What on earth do rabbits, the Parthenon, mathematics, sunflowers, art and pinecones have to do with each other? They are all interconnected in a fascinating way, giving evidence of a beautiful, not yet fully understood patterning in the world.

Italian mathematician Leonardo Fibonacci (rhymes with ‘Archie’), also known later as Leonardo Pisano (Leonardo of Pisa, c. 1170–1240) theorized about the rate of multiplication of breeding pairs of rabbits beginning with one pair. He reckoned that the way in which the numbers of pairs would increase followed a mathematical progression in which each number after the first two was the sum of the two preceding numbers. That is, 0, 1, 1,2,3,5,8,13,21, etc. (3+5=8, 5+8=13, 8+13=21, and so on). This has become known as the Fibonacci series.

Sunflower Pine cone

Fibonacci numbers can be seen in botany. The arrangement of the whorls on a pine cone (above right) and the petals of a sunflower (above left) follows a sequence of Fibonacci numbers.

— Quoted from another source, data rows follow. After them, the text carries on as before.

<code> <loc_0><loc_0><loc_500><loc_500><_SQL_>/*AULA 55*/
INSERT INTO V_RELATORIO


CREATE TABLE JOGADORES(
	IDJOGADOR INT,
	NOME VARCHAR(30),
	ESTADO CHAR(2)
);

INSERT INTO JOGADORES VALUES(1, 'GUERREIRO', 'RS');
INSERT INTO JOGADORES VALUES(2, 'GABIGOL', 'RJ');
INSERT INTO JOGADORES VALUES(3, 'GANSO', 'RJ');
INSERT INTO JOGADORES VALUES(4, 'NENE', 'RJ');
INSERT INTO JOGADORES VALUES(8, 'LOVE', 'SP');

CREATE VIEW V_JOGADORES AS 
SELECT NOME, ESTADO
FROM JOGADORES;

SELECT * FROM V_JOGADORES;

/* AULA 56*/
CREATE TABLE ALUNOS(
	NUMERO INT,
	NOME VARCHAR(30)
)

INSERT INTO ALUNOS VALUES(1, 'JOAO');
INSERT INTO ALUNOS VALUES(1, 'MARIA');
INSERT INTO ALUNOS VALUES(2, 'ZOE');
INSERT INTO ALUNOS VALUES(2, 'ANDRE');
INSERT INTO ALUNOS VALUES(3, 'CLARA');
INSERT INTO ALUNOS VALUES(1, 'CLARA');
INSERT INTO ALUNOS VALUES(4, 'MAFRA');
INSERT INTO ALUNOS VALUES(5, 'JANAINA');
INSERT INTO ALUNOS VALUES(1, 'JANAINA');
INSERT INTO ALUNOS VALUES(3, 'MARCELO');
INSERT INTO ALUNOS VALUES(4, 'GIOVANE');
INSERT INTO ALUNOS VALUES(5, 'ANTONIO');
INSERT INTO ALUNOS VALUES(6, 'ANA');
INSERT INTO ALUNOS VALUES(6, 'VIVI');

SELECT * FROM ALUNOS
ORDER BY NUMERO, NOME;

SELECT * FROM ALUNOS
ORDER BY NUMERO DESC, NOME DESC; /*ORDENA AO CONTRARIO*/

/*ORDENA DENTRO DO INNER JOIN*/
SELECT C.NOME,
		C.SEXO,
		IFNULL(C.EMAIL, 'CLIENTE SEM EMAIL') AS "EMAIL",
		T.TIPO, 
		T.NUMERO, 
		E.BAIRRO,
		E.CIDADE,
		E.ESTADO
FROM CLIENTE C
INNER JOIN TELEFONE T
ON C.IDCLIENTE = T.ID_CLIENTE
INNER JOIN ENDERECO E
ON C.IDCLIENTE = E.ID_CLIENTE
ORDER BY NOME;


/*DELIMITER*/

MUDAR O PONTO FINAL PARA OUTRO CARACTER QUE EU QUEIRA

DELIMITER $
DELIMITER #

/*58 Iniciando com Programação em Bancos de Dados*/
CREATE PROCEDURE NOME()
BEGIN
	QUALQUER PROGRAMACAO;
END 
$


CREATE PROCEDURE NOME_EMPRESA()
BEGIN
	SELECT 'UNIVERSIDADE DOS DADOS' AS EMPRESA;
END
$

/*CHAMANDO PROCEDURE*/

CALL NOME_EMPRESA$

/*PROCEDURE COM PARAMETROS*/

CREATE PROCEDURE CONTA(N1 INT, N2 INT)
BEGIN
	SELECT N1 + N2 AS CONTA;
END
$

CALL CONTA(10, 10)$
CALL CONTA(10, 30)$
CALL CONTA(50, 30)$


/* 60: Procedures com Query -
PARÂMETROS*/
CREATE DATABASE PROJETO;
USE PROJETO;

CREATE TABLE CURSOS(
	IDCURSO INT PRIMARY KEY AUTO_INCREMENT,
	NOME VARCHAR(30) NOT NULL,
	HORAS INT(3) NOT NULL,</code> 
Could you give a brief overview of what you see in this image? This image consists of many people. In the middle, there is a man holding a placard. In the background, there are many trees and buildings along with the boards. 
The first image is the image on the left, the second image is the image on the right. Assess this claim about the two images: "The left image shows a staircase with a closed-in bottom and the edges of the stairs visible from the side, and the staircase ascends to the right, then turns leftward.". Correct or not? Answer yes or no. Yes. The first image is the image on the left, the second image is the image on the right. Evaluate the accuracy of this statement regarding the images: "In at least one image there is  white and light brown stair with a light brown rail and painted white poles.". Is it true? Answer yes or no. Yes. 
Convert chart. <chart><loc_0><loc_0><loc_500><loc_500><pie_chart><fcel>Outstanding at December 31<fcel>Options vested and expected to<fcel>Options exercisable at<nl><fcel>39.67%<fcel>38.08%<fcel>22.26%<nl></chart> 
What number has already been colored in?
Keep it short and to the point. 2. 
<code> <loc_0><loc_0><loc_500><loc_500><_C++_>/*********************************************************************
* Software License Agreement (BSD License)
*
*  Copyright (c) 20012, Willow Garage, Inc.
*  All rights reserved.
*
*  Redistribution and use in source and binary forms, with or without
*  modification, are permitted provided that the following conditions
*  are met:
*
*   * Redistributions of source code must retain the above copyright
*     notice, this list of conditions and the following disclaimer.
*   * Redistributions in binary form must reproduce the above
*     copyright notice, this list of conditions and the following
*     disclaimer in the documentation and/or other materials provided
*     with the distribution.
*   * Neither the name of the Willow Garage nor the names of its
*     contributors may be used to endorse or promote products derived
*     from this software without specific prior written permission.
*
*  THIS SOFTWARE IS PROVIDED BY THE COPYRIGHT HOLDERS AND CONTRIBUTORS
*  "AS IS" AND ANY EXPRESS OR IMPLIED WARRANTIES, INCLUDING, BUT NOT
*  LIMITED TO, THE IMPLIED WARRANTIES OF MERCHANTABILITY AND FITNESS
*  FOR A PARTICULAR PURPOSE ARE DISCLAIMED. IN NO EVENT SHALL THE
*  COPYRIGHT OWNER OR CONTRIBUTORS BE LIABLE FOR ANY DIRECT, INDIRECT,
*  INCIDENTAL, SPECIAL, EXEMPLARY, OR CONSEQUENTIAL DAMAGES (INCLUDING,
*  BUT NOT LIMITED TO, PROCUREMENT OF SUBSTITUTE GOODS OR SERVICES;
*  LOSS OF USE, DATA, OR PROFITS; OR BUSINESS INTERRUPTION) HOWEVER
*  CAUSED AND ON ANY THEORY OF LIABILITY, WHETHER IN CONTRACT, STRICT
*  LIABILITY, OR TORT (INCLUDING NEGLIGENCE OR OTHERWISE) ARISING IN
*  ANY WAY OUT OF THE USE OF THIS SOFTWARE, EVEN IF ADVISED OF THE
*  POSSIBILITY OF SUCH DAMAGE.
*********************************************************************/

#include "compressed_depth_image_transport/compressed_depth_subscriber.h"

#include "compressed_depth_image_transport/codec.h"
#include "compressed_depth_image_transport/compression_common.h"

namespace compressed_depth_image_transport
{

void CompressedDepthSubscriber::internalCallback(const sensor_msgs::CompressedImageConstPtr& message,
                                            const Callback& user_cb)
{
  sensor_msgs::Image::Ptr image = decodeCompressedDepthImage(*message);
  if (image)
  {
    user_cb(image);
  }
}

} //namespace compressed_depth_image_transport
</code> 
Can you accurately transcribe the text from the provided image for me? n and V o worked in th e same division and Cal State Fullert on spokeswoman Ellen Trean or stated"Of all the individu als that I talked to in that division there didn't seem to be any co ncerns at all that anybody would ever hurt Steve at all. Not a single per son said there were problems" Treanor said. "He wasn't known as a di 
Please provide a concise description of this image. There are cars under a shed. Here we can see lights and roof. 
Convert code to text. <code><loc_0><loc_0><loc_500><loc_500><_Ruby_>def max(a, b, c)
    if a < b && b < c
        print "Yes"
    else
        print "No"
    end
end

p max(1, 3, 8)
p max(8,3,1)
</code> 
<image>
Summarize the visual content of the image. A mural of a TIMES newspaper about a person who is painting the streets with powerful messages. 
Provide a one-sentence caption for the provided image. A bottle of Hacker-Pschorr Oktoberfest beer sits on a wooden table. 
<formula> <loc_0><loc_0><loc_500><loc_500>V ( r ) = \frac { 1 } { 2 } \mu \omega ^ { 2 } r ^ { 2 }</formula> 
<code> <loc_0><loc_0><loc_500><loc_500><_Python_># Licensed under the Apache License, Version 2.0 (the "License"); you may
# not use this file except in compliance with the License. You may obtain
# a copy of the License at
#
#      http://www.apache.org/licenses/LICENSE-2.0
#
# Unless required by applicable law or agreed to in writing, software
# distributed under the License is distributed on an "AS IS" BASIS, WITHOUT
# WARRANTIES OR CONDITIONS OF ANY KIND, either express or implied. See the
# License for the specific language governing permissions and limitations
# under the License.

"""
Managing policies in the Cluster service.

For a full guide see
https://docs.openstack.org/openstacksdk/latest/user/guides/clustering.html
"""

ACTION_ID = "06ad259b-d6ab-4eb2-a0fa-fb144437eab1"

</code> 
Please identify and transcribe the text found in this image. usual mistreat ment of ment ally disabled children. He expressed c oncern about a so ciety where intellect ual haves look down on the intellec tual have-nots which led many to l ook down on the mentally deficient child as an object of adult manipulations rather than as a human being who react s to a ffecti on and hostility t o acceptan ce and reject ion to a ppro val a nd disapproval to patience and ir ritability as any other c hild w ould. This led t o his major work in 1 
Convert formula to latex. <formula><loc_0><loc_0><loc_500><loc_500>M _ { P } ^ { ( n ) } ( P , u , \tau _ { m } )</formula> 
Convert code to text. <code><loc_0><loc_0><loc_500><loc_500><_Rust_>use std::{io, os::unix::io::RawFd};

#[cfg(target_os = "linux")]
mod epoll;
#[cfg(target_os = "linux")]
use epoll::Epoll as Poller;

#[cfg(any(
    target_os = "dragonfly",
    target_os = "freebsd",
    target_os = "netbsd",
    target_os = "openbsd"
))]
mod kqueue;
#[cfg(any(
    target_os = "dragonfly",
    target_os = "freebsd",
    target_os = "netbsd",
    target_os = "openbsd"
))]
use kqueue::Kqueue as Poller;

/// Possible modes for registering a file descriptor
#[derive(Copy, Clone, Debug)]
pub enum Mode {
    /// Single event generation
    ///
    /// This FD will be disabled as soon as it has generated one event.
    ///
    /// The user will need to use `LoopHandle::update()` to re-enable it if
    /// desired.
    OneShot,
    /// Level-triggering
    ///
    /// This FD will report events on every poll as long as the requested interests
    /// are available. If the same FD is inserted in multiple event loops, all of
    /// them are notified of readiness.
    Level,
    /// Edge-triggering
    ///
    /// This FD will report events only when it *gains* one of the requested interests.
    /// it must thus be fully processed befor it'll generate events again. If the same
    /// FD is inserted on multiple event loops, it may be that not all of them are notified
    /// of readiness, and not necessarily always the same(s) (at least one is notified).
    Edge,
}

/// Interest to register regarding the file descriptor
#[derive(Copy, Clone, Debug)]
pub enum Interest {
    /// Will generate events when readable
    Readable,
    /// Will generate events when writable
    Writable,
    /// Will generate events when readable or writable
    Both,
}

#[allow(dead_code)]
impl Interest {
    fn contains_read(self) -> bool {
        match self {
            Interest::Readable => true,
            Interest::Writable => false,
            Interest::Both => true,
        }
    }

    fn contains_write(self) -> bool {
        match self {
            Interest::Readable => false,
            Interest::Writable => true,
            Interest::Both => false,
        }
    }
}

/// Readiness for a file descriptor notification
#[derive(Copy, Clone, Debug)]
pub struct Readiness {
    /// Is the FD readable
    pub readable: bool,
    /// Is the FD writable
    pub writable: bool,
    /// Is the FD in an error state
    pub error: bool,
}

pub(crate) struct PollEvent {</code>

If you look at the seeds in the head of a sunflower or daisy, you will see that they are arranged in two sets of spirals, one set running clockwise, the other anticlockwise. Count the number of spirals going in one direction, and the number going in the other. You will find that these are always two numbers which are next to each other in the Fibonacci series (e.g. 8 and 13). A similar arrangement is found in the way pine cones are constructed, in snail-shell spirals, animal horns and in the arrangement of leaf buds on a stem.1

Computer modelling2 has apparently shown that the way in which a group of circles of varying sizes is most efficiently packed is in a series of spirals that have this Fibonacci patterning—but no one yet seems to know why.3

Pleasing to artists

The so-called Golden Section (or Golden Ratio), known to most artists and architects, is also related to Fibonacci patterns. Most people, if asked to choose from a series of rectangles the one most pleasing to the eye, will choose one in which the ratio of the two sides (that is, the larger side divided by the smaller) is approximately 1.62.4 In other words, the long side is 1.62 times the length of the shorter. A rectangle framing the front of the famous ancient Greek building, the Parthenon (below), has sides which follow this ‘Golden Ratio’. This proportion is widely found in art and architecture.


The Parthenon in Athens. The ratio of height to length at its front is approximately 1:1.62 — following the ‘Golden Ratio’.

Statistical experiments have shown that ‘people involuntarily give preference to proportions that approximate to the Golden Section.’5 This Golden Ratio (1.62, or 1.618 to four significant figures) seems to be naturally pleasing to the human eye. Authoritative works on art and architecture make bold claims in alleging, for example, that ‘the Golden Section is aesthetically superior to all other proportions’, which claim is said to be ‘supported by an immense quantity of data, collected from both nature and the arts …’.6

When we take the Fibonacci series (ignoring the zero), dividing each number by the one before it gives: 1, 2, 1.5, 1.6, 1.625, 1.615, 1.619, 1.617, 1.619, 1.617, 1.618 and so on ad infinitum. After the first few, the numbers keep hovering around 1.618. To three significant figures, they stay precisely on this Golden Ratio of 1.62 indefinitely. No one yet seems to know why dividing these Fibonacci numbers should give proportions which happen to be pleasing to the eye.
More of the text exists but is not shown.